■ **Task directions**:
Without any of the pictures, set down the data below exactly.

(Source data)
----

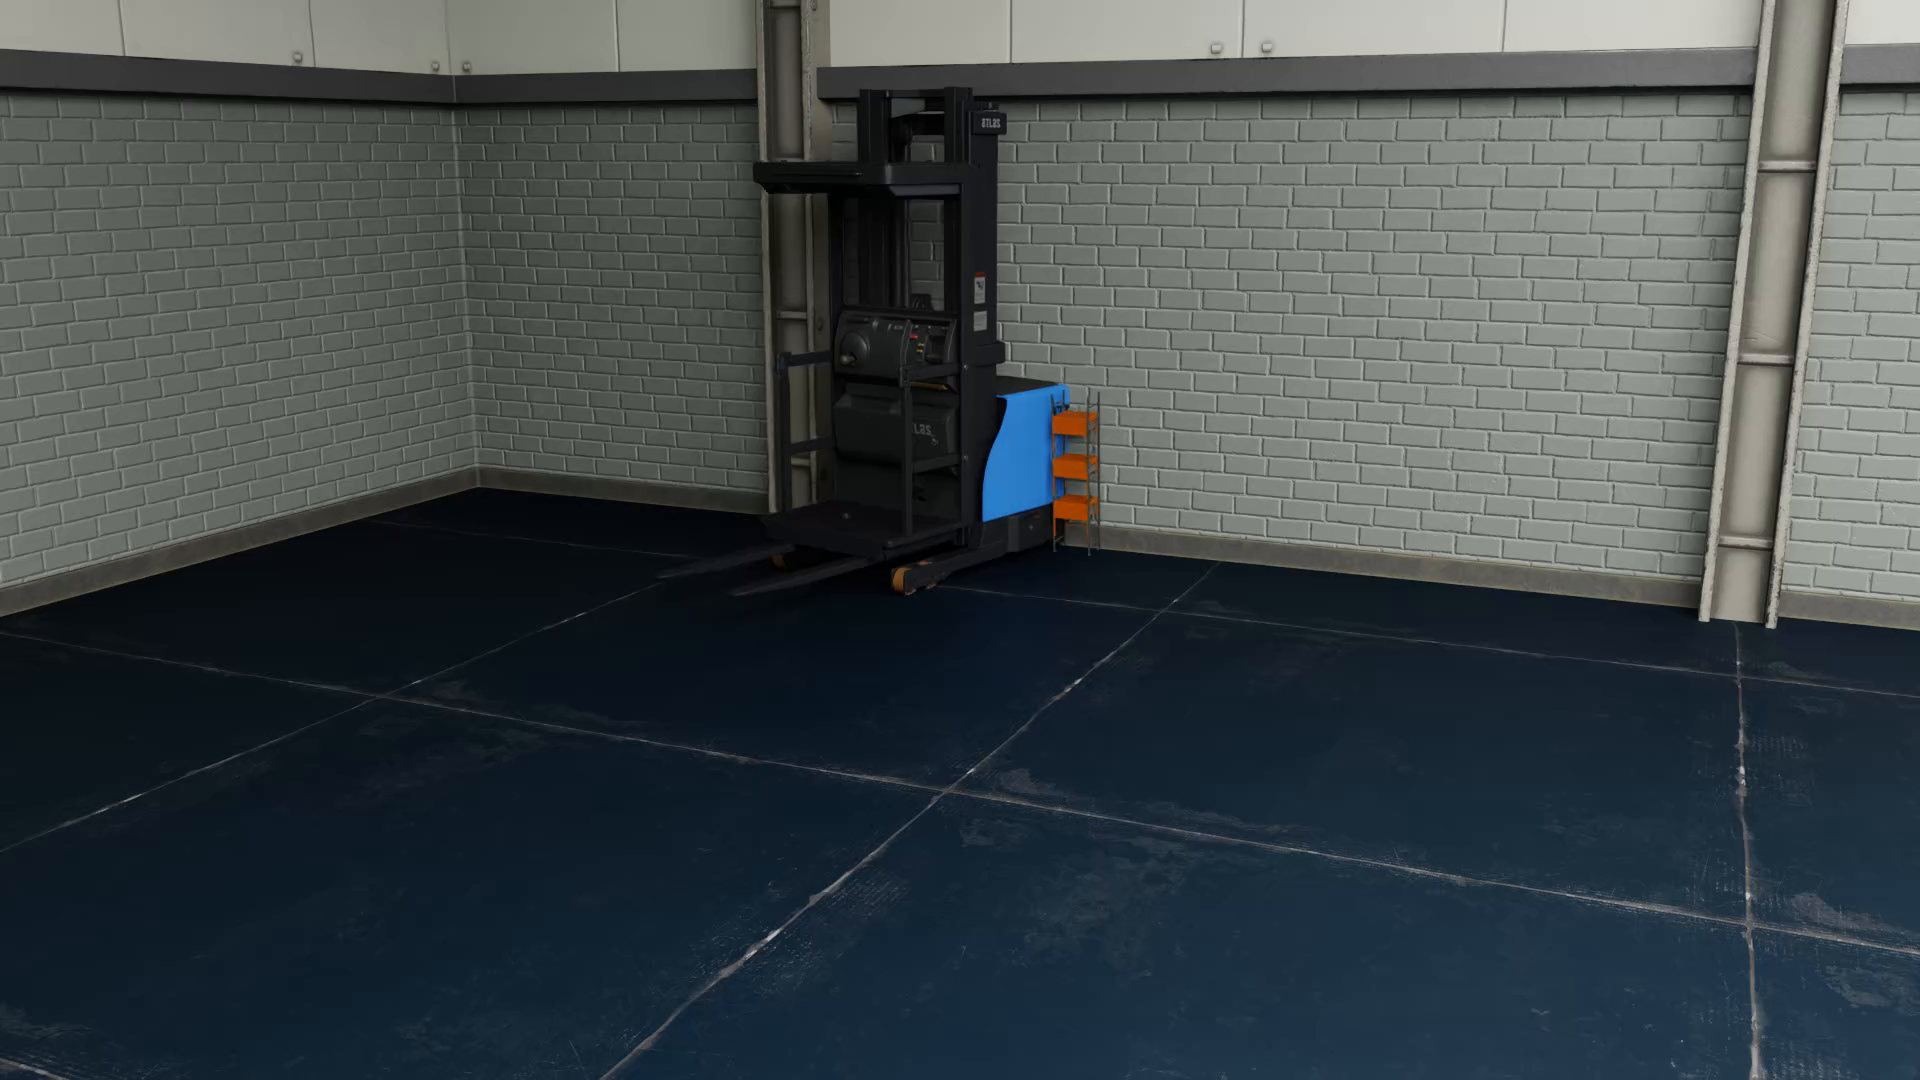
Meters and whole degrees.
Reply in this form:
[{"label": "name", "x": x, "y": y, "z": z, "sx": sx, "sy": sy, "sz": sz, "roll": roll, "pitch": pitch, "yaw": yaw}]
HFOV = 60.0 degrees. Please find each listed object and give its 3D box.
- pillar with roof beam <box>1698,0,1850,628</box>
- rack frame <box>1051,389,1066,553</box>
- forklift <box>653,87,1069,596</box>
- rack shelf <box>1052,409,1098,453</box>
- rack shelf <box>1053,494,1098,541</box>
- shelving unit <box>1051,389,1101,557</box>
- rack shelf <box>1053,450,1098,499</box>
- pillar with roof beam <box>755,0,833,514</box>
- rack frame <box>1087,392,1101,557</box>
[{"label": "pillar with roof beam", "x": 2.639, "y": -3.044, "z": 4.527, "sx": 0.400, "sy": 9.000, "sz": 9.100, "roll": 6, "pitch": 14, "yaw": 23}, {"label": "rack frame", "x": 0.645, "y": -0.448, "z": 10.838, "sx": 0.008, "sy": 1.050, "sz": 0.200, "roll": 7, "pitch": 18, "yaw": 26}, {"label": "forklift", "x": -0.532, "y": -1.229, "z": 10.075, "sx": 1.130, "sy": 2.935, "sz": 3.031, "roll": 10, "pitch": 17, "yaw": 37}, {"label": "rack shelf", "x": 0.746, "y": -0.697, "z": 10.707, "sx": 0.240, "sy": 0.259, "sz": 0.215, "roll": 7, "pitch": 18, "yaw": 26}, {"label": "rack shelf", "x": 0.763, "y": -0.159, "z": 10.865, "sx": 0.240, "sy": 0.259, "sz": 0.215, "roll": 7, "pitch": 18, "yaw": 26}, {"label": "shelving unit", "x": 0.754, "y": -0.435, "z": 10.784, "sx": 0.252, "sy": 1.050, "sz": 0.215, "roll": 7, "pitch": 18, "yaw": 26}, {"label": "rack shelf", "x": 0.755, "y": -0.425, "z": 10.787, "sx": 0.240, "sy": 0.259, "sz": 0.215, "roll": 7, "pitch": 18, "yaw": 26}, {"label": "pillar with roof beam", "x": -2.847, "y": -3.599, "z": 6.893, "sx": 0.400, "sy": 9.000, "sz": 9.100, "roll": 6, "pitch": 14, "yaw": 23}, {"label": "rack frame", "x": 0.863, "y": -0.423, "z": 10.731, "sx": 0.008, "sy": 1.050, "sz": 0.200, "roll": 7, "pitch": 18, "yaw": 26}]

----

■ **Result of the task**:
Meters and whole degrees.
Reply in this form:
[{"label": "name", "x": x, "y": y, "z": z, "sx": sx, "sy": sy, "sz": sz, "roll": roll, "pitch": pitch, "yaw": yaw}]
HFOV = 60.0 degrees. Please find each listed object and give its 3D box.
- pillar with roof beam <box>1698,0,1850,628</box>
- rack frame <box>1051,389,1066,553</box>
- forklift <box>653,87,1069,596</box>
- rack shelf <box>1052,409,1098,453</box>
- rack shelf <box>1053,494,1098,541</box>
- shelving unit <box>1051,389,1101,557</box>
- rack shelf <box>1053,450,1098,499</box>
- pillar with roof beam <box>755,0,833,514</box>
- rack frame <box>1087,392,1101,557</box>
[{"label": "pillar with roof beam", "x": 2.639, "y": -3.044, "z": 4.527, "sx": 0.400, "sy": 9.000, "sz": 9.100, "roll": 6, "pitch": 14, "yaw": 23}, {"label": "rack frame", "x": 0.645, "y": -0.448, "z": 10.838, "sx": 0.008, "sy": 1.050, "sz": 0.200, "roll": 7, "pitch": 18, "yaw": 26}, {"label": "forklift", "x": -0.532, "y": -1.229, "z": 10.075, "sx": 1.130, "sy": 2.935, "sz": 3.031, "roll": 10, "pitch": 17, "yaw": 37}, {"label": "rack shelf", "x": 0.746, "y": -0.697, "z": 10.707, "sx": 0.240, "sy": 0.259, "sz": 0.215, "roll": 7, "pitch": 18, "yaw": 26}, {"label": "rack shelf", "x": 0.763, "y": -0.159, "z": 10.865, "sx": 0.240, "sy": 0.259, "sz": 0.215, "roll": 7, "pitch": 18, "yaw": 26}, {"label": "shelving unit", "x": 0.754, "y": -0.435, "z": 10.784, "sx": 0.252, "sy": 1.050, "sz": 0.215, "roll": 7, "pitch": 18, "yaw": 26}, {"label": "rack shelf", "x": 0.755, "y": -0.425, "z": 10.787, "sx": 0.240, "sy": 0.259, "sz": 0.215, "roll": 7, "pitch": 18, "yaw": 26}, {"label": "pillar with roof beam", "x": -2.847, "y": -3.599, "z": 6.893, "sx": 0.400, "sy": 9.000, "sz": 9.100, "roll": 6, "pitch": 14, "yaw": 23}, {"label": "rack frame", "x": 0.863, "y": -0.423, "z": 10.731, "sx": 0.008, "sy": 1.050, "sz": 0.200, "roll": 7, "pitch": 18, "yaw": 26}]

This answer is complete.